5. Assignment; Binding on Successors and Assigns. This Agreement and any of
the rights, interests or obligations under this Agreement shall be binding upon,
inure to the benefit of, and be enforceable by and against, the parties and
their respective Specified Transferees, successors and assigns.
6. Adjustment for Reorganization and Reclassification. All share amounts of
Newco Securities referred to in this Agreement shall be adjusted appropriately
to reflect any subdivision or combination of Newco (including securities
convertible into or exchangeable for Newco Securities) and any adjustments
arising as a result of any reorganization, reclassification or similar events of
Newco occurring after the date of the Merger Agreement.
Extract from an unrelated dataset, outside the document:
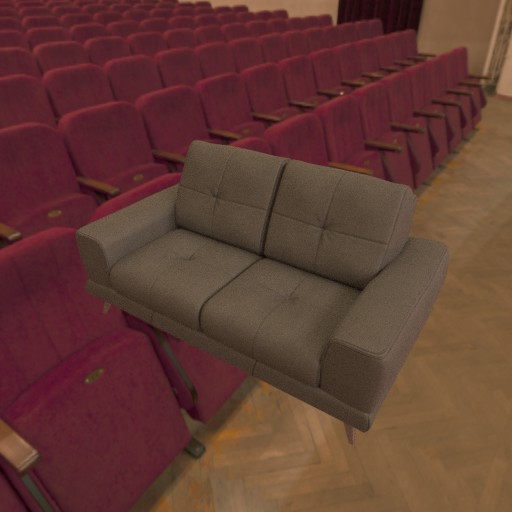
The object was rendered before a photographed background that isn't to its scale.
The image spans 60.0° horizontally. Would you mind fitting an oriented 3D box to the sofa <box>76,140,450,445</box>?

7. Miscellaneous. This Agreement shall be governed by and construed in
accordance with the laws of the State of New York. This Agreement is irrevocable
and will be binding on the undersigned and the respective successors, heirs,
personal representatives, and assigns of the undersigned. The undersigned has
carefully read this Agreement and discussed its requirements, to the extent the
undersigned believed necessary, with its counsel.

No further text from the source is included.